Laparoscopy and hysteroscopy are the most popular operations because they have a number of advantages: the almost complete absence of traces from surgery, the preservation of the ability of a woman to give birth in the future, a very rapid recovery from surgery.

Embolization of uterine arteries

A modern method of treating uterine fibroids, the principle of which is to stop the flow of blood through the uterine arteries, and the replacement of myoma nodes with a connective tissue.

The method consists of conducting a catheter through the femoral artery into the uterine artery and blocking the blood flow in it with the help of an embolization material. The procedure is performed in X-ray surgery, refers to minimally invasive interventions and does not require anesthesia. As a rule, hospitalization is necessary for one day.

Some doctors claim that after such an operation a woman can conceive and take out a healthy child, others think that this can be problematic, everything is very individual and depends on the type of myoma, its size, successful operation.

Folk remedies

Very many women are looking for any effective folk remedies for the treatment of uterine fibroids. Practically all methods of treatment at home are reduced to the introduction of tampons and douching with herbal medicinal solutions.
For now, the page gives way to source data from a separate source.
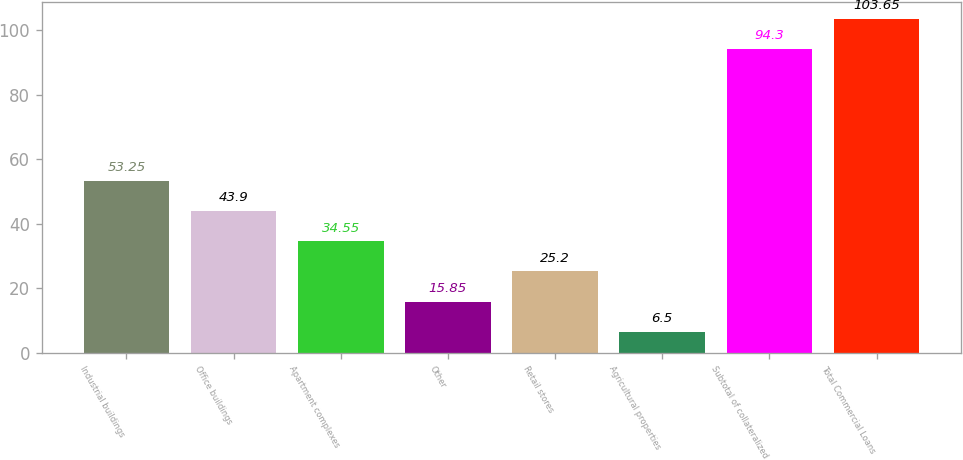Convert chart. <chart><loc_0><loc_0><loc_500><loc_500><bar_chart><fcel>Industrial buildings<fcel>Office buildings<fcel>Apartment complexes<fcel>Other<fcel>Retail stores<fcel>Agricultural properties<fcel>Subtotal of collateralized<fcel>Total Commercial Loans<nl><fcel>53.25<fcel>43.9<fcel>34.55<fcel>15.85<fcel>25.2<fcel>6.5<fcel>94.3<fcel>103.65<nl></chart> 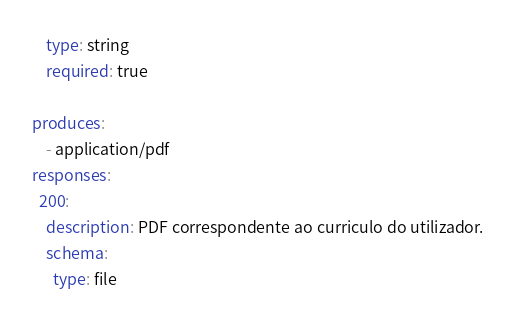<code> <loc_0><loc_0><loc_500><loc_500><_YAML_>    type: string
    required: true

produces:
    - application/pdf
responses:
  200:
    description: PDF correspondente ao curriculo do utilizador.
    schema:
      type: file</code> 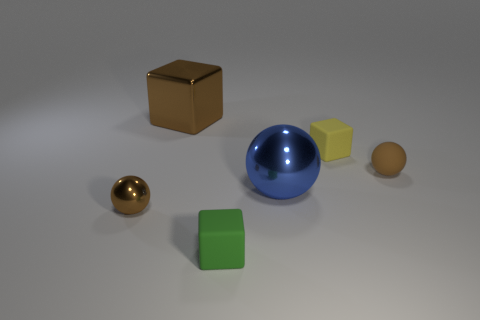Do the rubber object that is in front of the tiny brown shiny object and the blue metallic object have the same shape?
Provide a short and direct response. No. How many big brown objects have the same material as the blue object?
Provide a succinct answer. 1. How many things are either tiny objects behind the blue thing or small brown metal spheres?
Make the answer very short. 3. How big is the green rubber cube?
Offer a terse response. Small. There is a brown sphere that is to the right of the brown sphere that is in front of the large shiny ball; what is its material?
Your answer should be compact. Rubber. Do the shiny sphere that is in front of the blue sphere and the small green cube have the same size?
Offer a terse response. Yes. Are there any metal cylinders of the same color as the big metal cube?
Make the answer very short. No. How many objects are either small metallic objects in front of the yellow block or tiny brown things that are behind the blue thing?
Give a very brief answer. 2. Is the big metallic cube the same color as the tiny metal thing?
Your answer should be very brief. Yes. There is a big thing that is the same color as the small metallic thing; what material is it?
Keep it short and to the point. Metal. 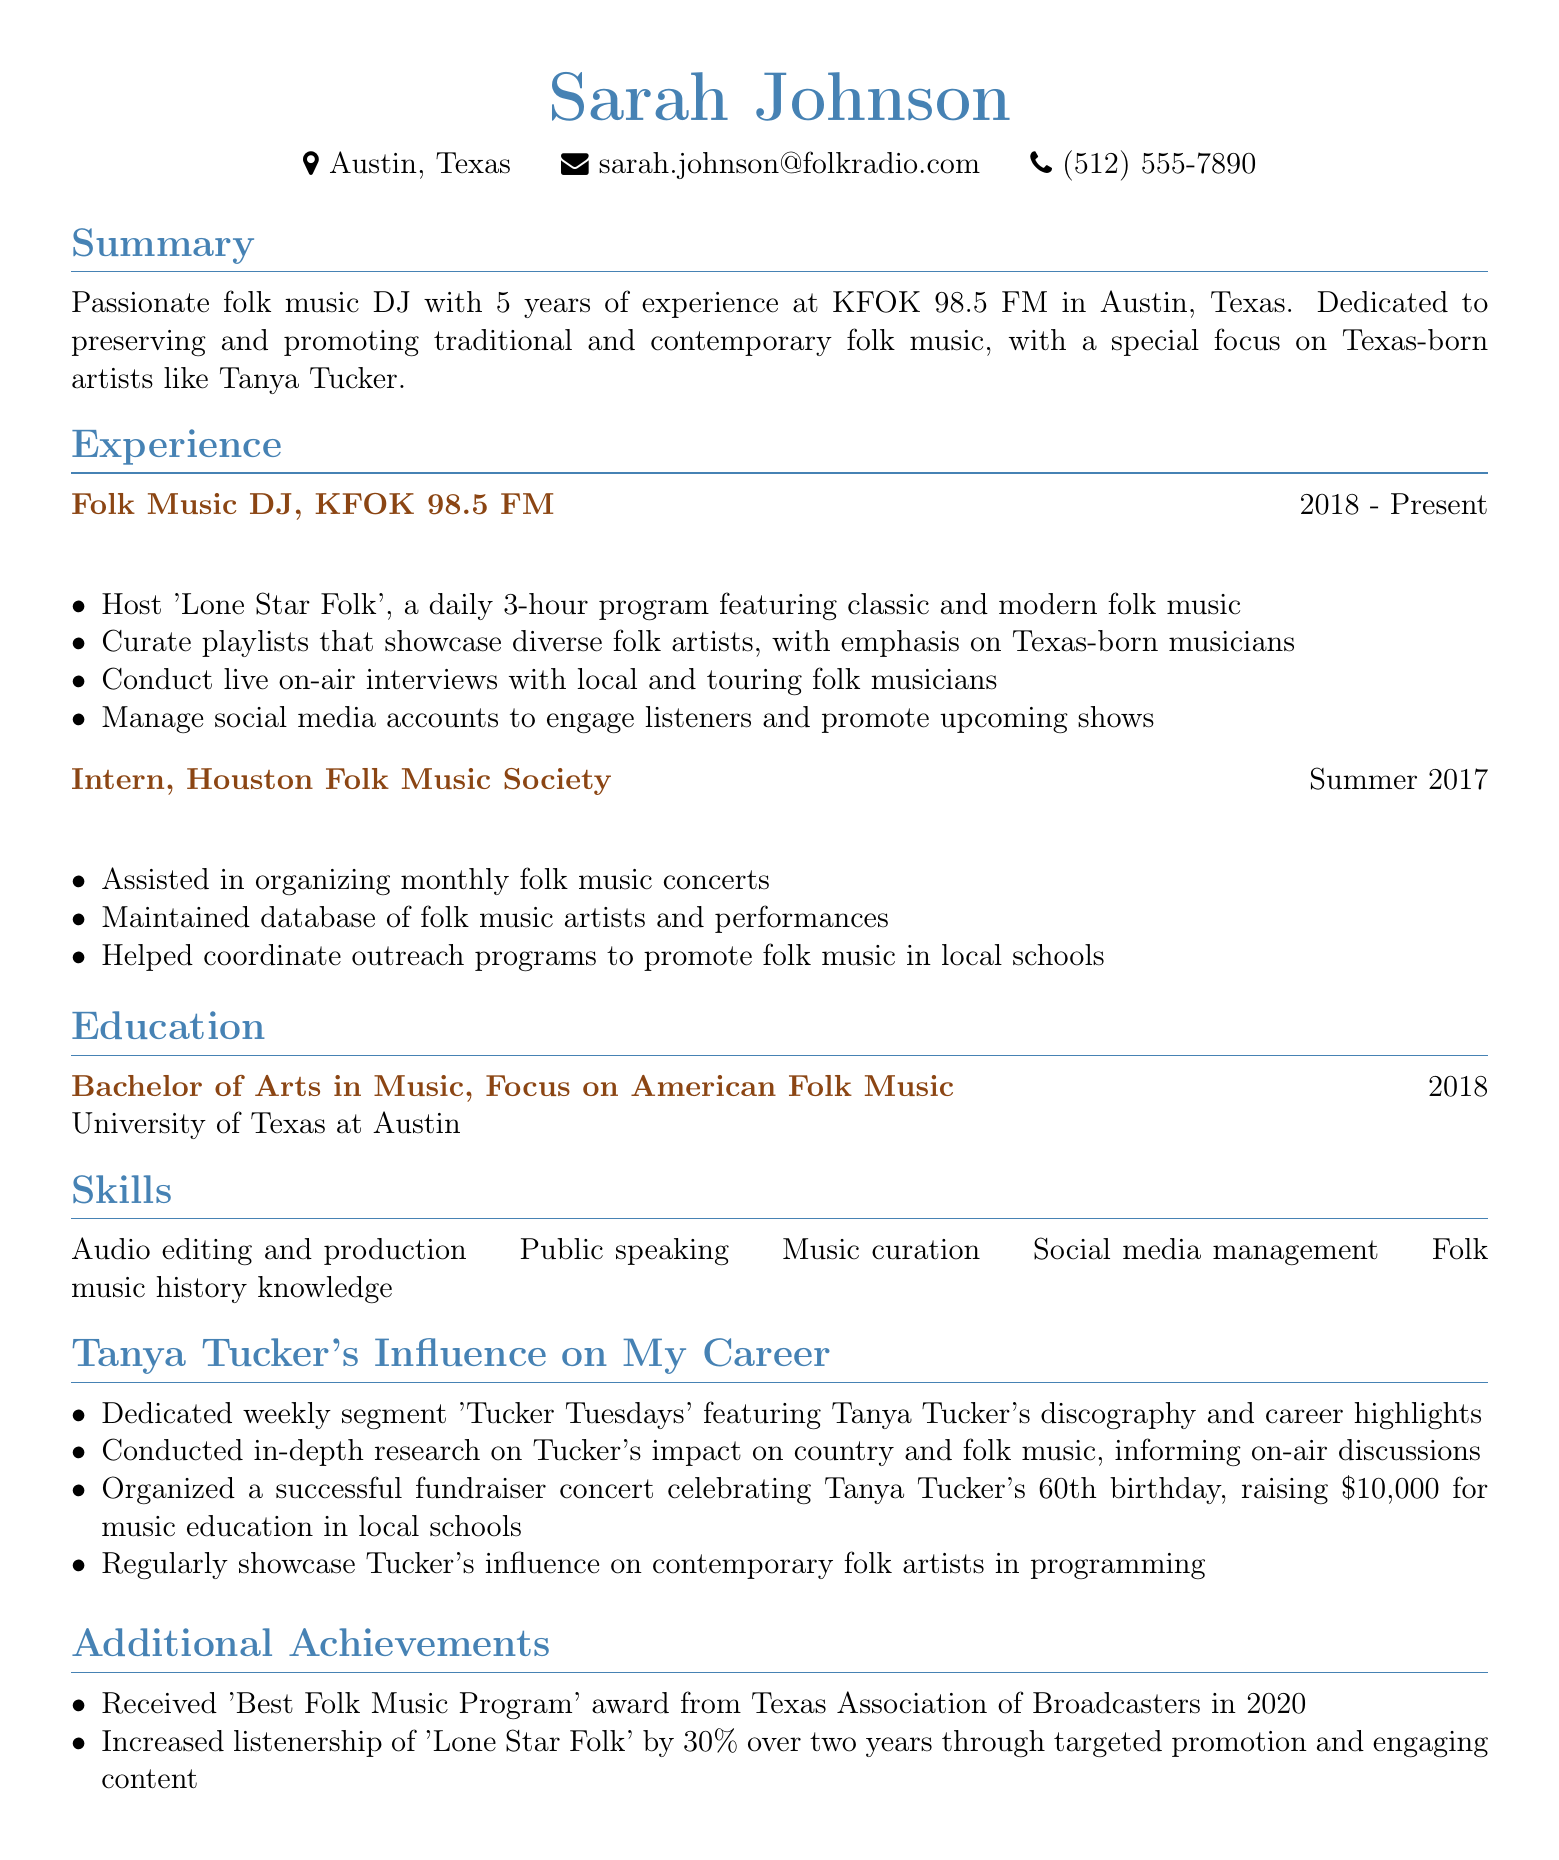What is the name of the DJ? Sarah Johnson is the name listed at the top of the document as the DJ.
Answer: Sarah Johnson Where does Sarah work? The document states that Sarah works at KFOK 98.5 FM in Austin, Texas.
Answer: KFOK 98.5 FM What year did Sarah start working as a DJ? The experience section indicates she has been a DJ since 2018.
Answer: 2018 What is the title of Sarah's weekly segment dedicated to Tanya Tucker? The document specifies that the segment is titled 'Tucker Tuesdays'.
Answer: Tucker Tuesdays How much money was raised during the fundraiser concert for Tanya Tucker's 60th birthday? The document mentions that $10,000 was raised for music education.
Answer: $10,000 What award did Sarah's program receive in 2020? The additional achievements section refers to a "Best Folk Music Program" award from Texas Association of Broadcasters.
Answer: Best Folk Music Program How long did Sarah intern at the Houston Folk Music Society? The document notes that she interned during the summer of 2017, which typically suggests a time frame of about three months.
Answer: Summer 2017 What was Sarah’s major in college? The education section reveals that she focused on American Folk Music.
Answer: Focus on American Folk Music What was the percentage increase in listenership for 'Lone Star Folk'? The résumé states that listenership increased by 30% over two years.
Answer: 30% 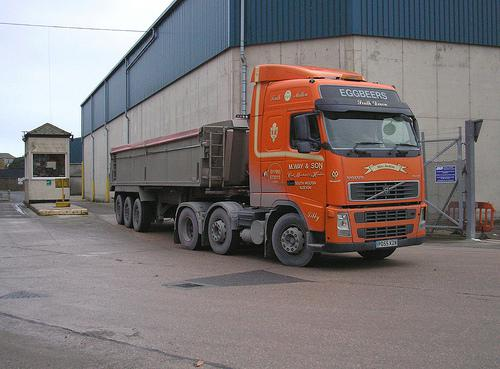Question: where is this shot?
Choices:
A. Zoo.
B. Park.
C. Factory.
D. Wedding.
Answer with the letter. Answer: C Question: how many wheels are there?
Choices:
A. 8.
B. 7.
C. 9.
D. 10.
Answer with the letter. Answer: B Question: how many animals are there?
Choices:
A. 0.
B. 1.
C. 2.
D. 3.
Answer with the letter. Answer: A 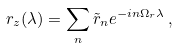Convert formula to latex. <formula><loc_0><loc_0><loc_500><loc_500>r _ { z } ( \lambda ) = \sum _ { n } \tilde { r } _ { n } e ^ { - i n \Omega _ { r } \lambda } \, ,</formula> 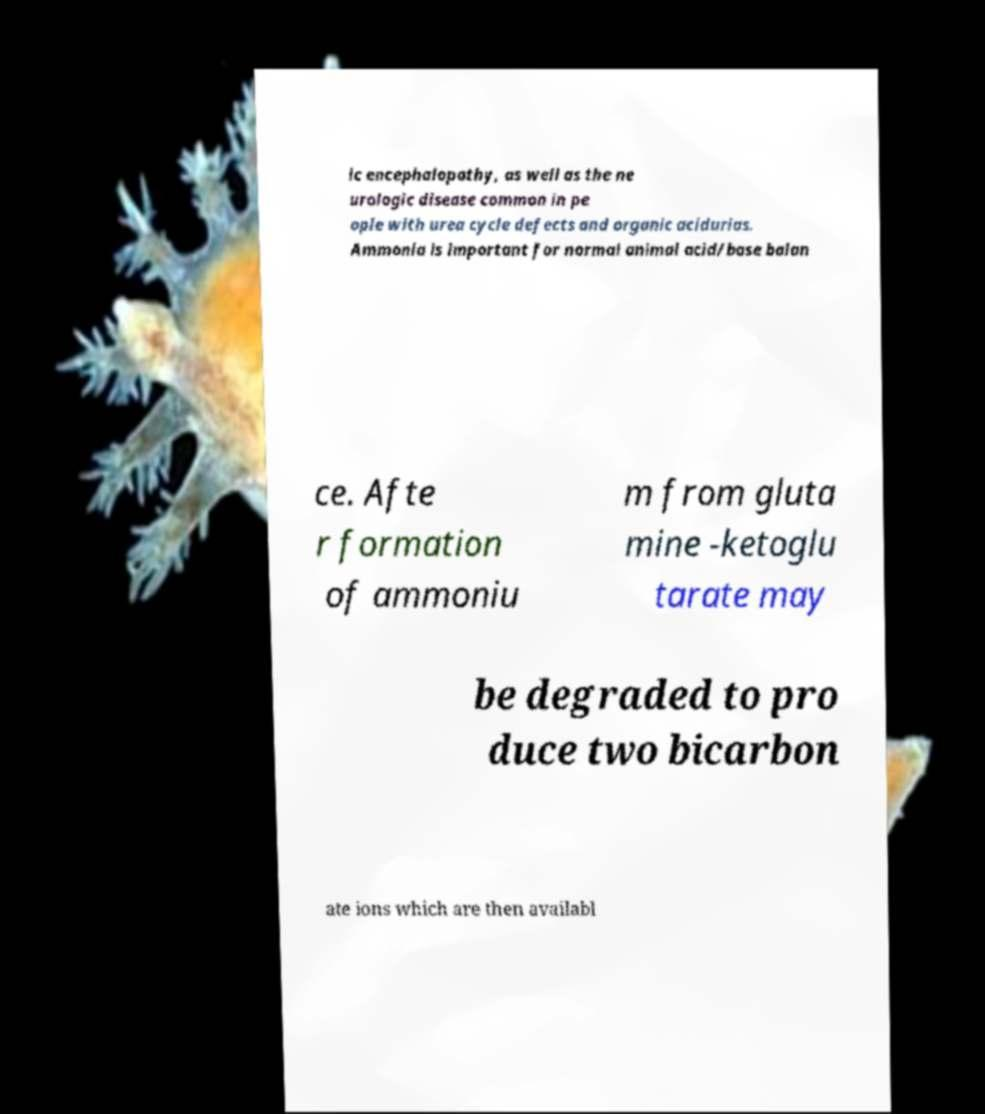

However, there is no effective folk remedy to change the deep internal causes of fibroids. In any case, before trying any folk methods for treating fibroids, you should definitely tell your doctor and discuss this method.

Prevention of

There are no special measures for preventing uterine fibroids. However, with suspicions of uterine fibroids, the most important thing is timely diagnostics and timely treatment. Thus, the only prevention is periodic examinations at the gynecologist at least 1-2 times a year

Forecast

With the timely detection and the correct treatment of uterine fibroids, a further prognosis is favorable. After organ-saving operations in women in the reproductive period is likely the onset of pregnancy.

However, the rapid growth of uterine fibroids may require a radical operation with the exception of childbearing function even in young women. Sometimes even a small uterine myoma can cause infertility.